D'origine sociale plus élevée, la personnalité d'Henri Lefebvre (1900-1991) est complexe : philosophe, sociologue, linguiste, anthropologue, historien. Auteur de 68 livres, il est présenté par René Lourau comme le "parrain" de l'analyse institutionnelle (4). Cette personnalité est aussi représentative de la prise en compte de l'interculturalité, comme constituante de l'homme. H. Lefebvre souligne une tension interne à sa famille : sa mère est très religieuse, de type janséniste; son père est athée et bon vivant! Le jeune Henri se construit une identité critique: pendant la guerre de 1914, il lit Nietzsche en allemand, car les auteurs allemands sont interdits au lycée. Dans La somme et le reste (1958), son autobiographie critique, H. Lefebvre revendique le droit de se construire comme pluriel. Il croit avoir le droit d'être à la fois militant politique, mais aussi philosophe, sociologue, historien... Il pense que chaque moment répond à une logique qui lui est propre. Il critique le stalinisme comme forme de pensée dogmatique, qui ne peut accepter que chaque moment relève de logiques différentes. Pour lui, il est illégitime que le philosophe qu'il est, dans son travail philosophique, puisse se voir dicter ses méthodes de travail par le Parti communiste. Ce livre est ainsi un manifeste pour une identité plurielle, thème qui se redéploie dans Le manifeste différentialiste (5). Lefebvre pense à la fois le quotidien (6) et le mondial (7). Il pense la philosophie ou l'état comme des formes mondiales, mais en même temps diversifiées selon les lieux et les temps (8). Il voyage beaucoup; il est beaucoup traduit.

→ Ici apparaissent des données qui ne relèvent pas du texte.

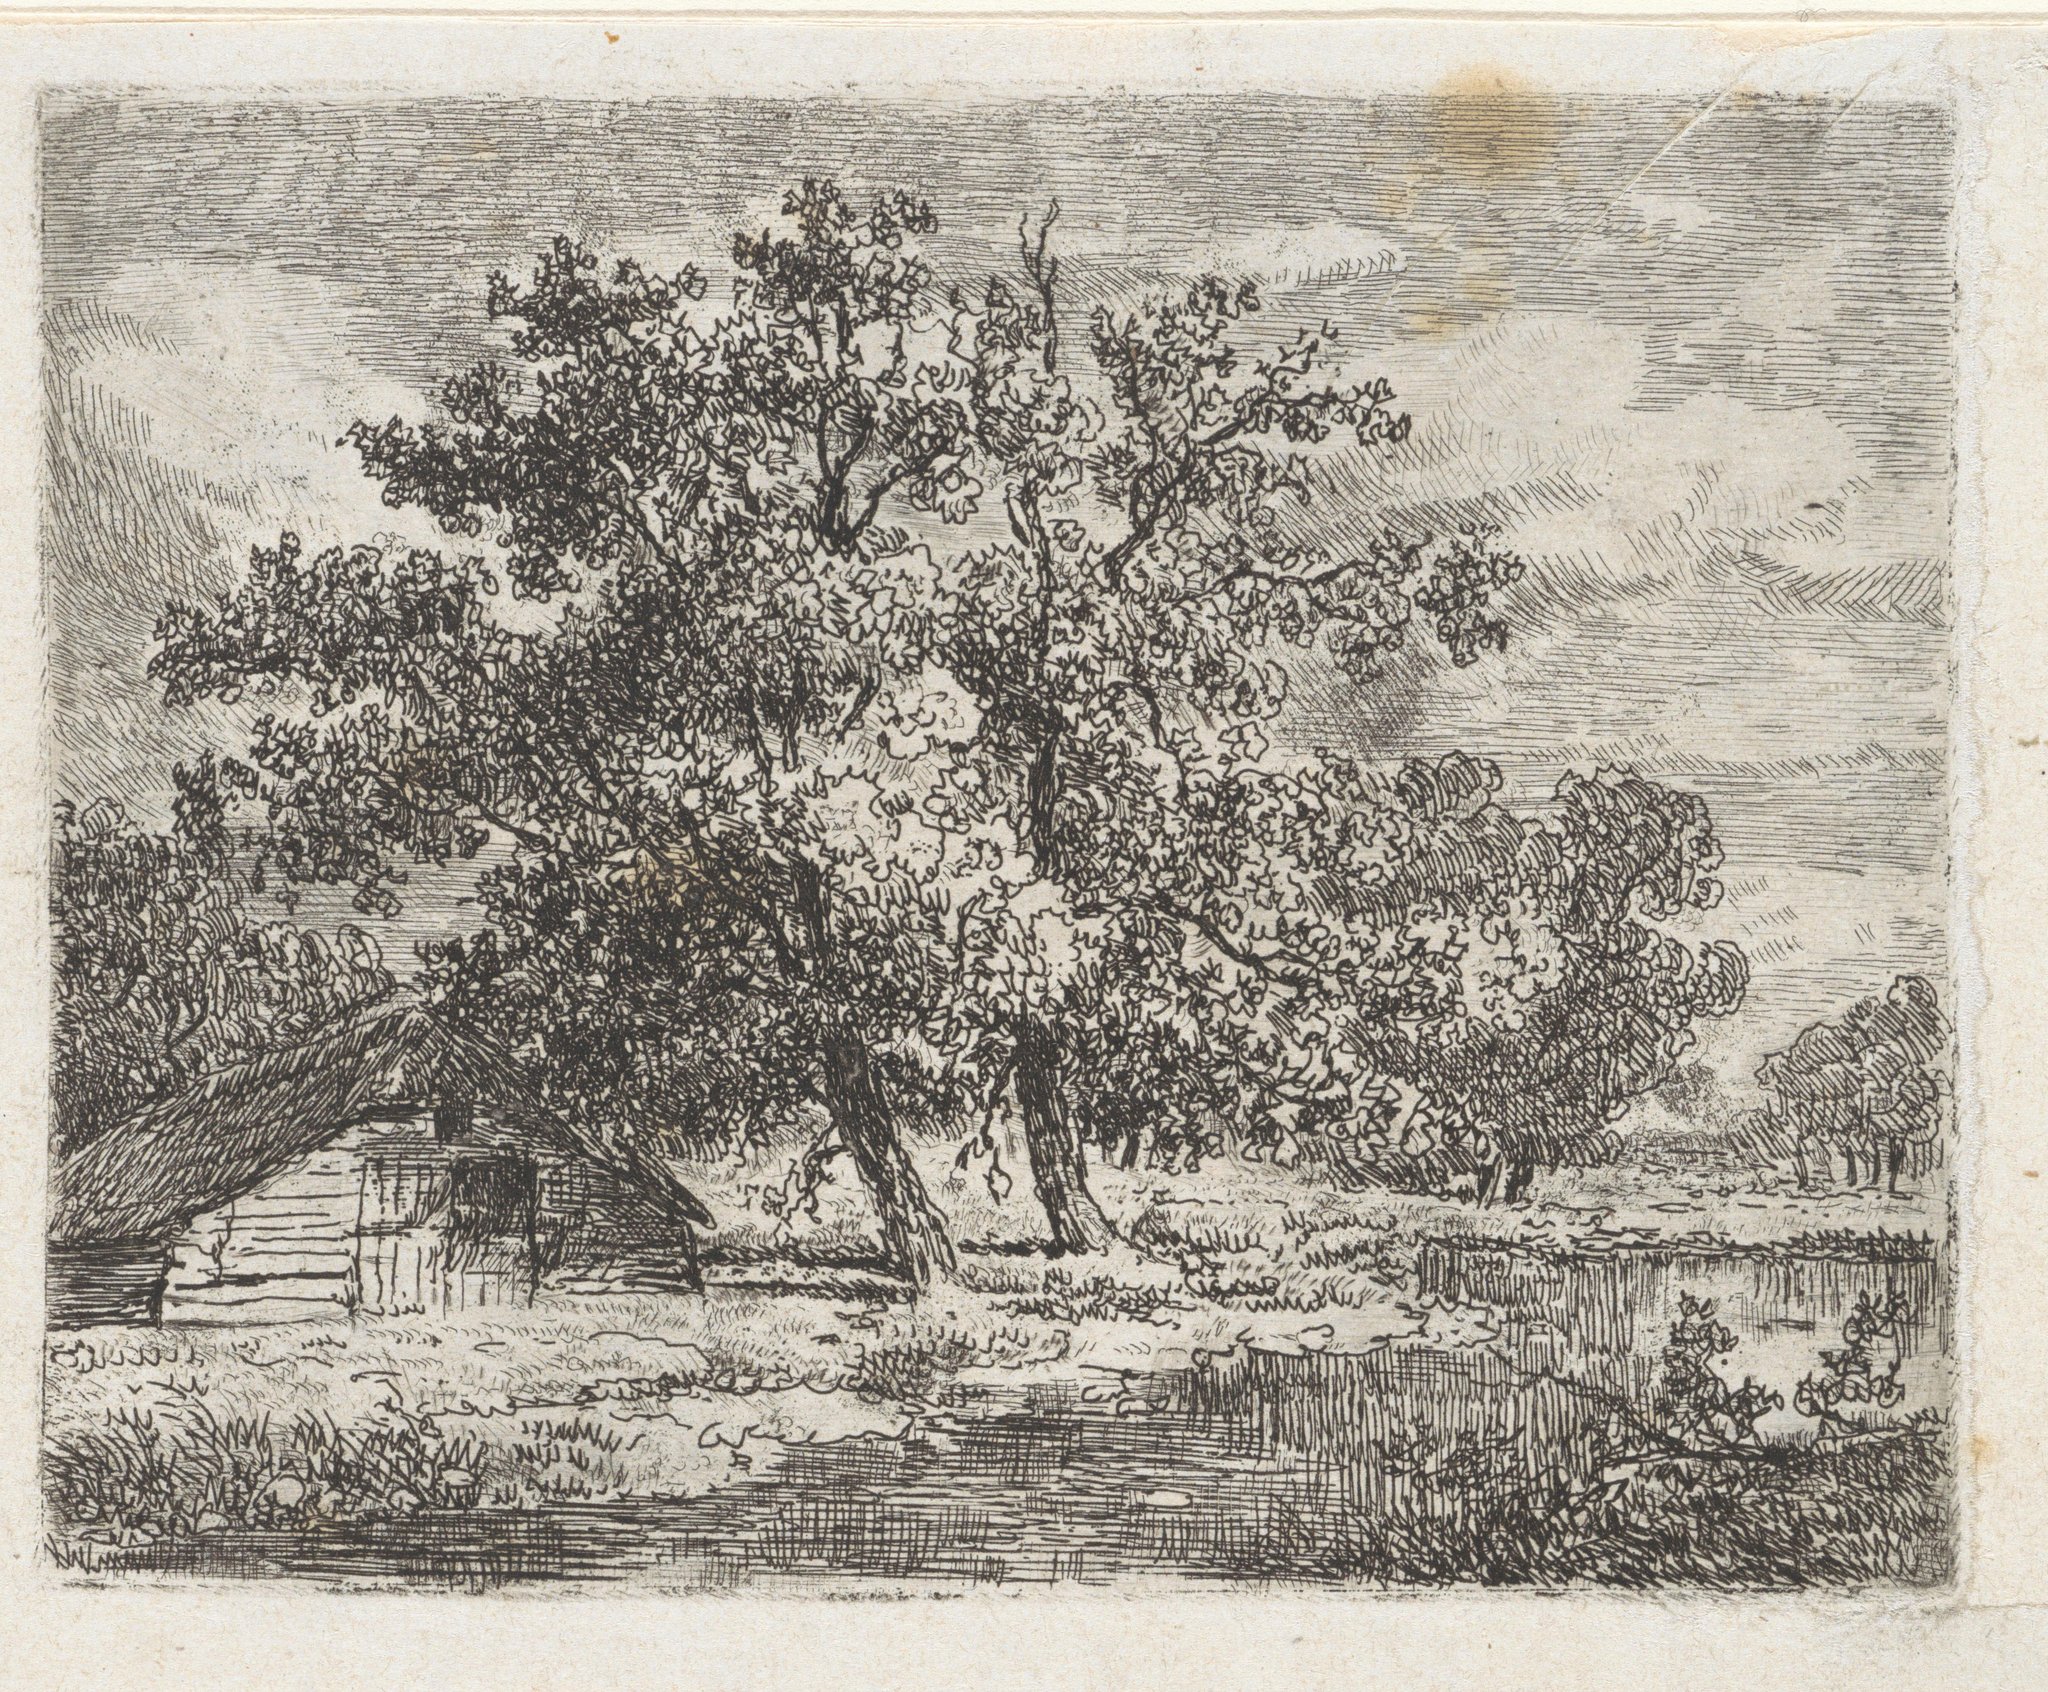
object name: print
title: Houten hut onder twee bomen
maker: johannes pieter van wisselingh
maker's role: draughtsman, painter, print maker
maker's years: 1812-1899
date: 1830-1878
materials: paper
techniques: etching
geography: netherlands
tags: trees, brook, hut, cabin, lodge
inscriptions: collector's mark: Lugt 1485, collector's mark: Lugt 2228, name: ‘Wesseling’
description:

Il élabore une théorie de la personnalité à partir d'une théorie des moments.

 

Ces quatre personnages se sont donc construits dans une tension entre ici et ailleurs, entre Paris et la province, d'abord, puis entre la France, l'Europe et le mondial.

 

(1) Remi Hess, Gérard Althabe, une biographie entre ailleurs, ici, Paris, L'Harmattan, 2005. R. Hess, «Gérard Althabe et l'Afrique», in Les irrAIductibles n°ll, Etudes africaines, Paris, 2007, pp. 15-38 ; sur le même auteur : Kareen Illiade, «L'implication dans l'anthropologie
de Gérard Althabe», in R. Hess, G. Weigand, L'observation participante dans les rencontres interculturelles, Paris, Anthropos, pp. 41-63.

 

(2) Gélos est alors un village à côté de Pau. Aujourd'hui faubourg de Pau.

 

(3) Remi Hess, Gérard Althabe, une biographie entre ailleurs, ici, Paris, L'Harmattan, 2005, chapitre 1.

 

(4) R. Lourau, préface à la 3 édition de H. Lefebvre, La somme et le reste, Paris, Méridien-Klincksieck, 1989.

 

(5) H. Lefebvre, Le manifeste différentialiste, Paris, Gallimard, 1970.

 

(6) La critique de la vie quotidienne, Paris, L'Arche, 1947, 1961 et 1981 (3 volumes réédités). La vie quotidienne dans le monde moderne, Idées, Gallimard, 1968.

 

(7) H. Lefebvre, Métaphilosophie (1965), seconde édition, Paris, Syllepse, 2002.

 

(8) H. Lefebvre, De L'Etat, Paris, 10-18,4 volumes, 1976-78.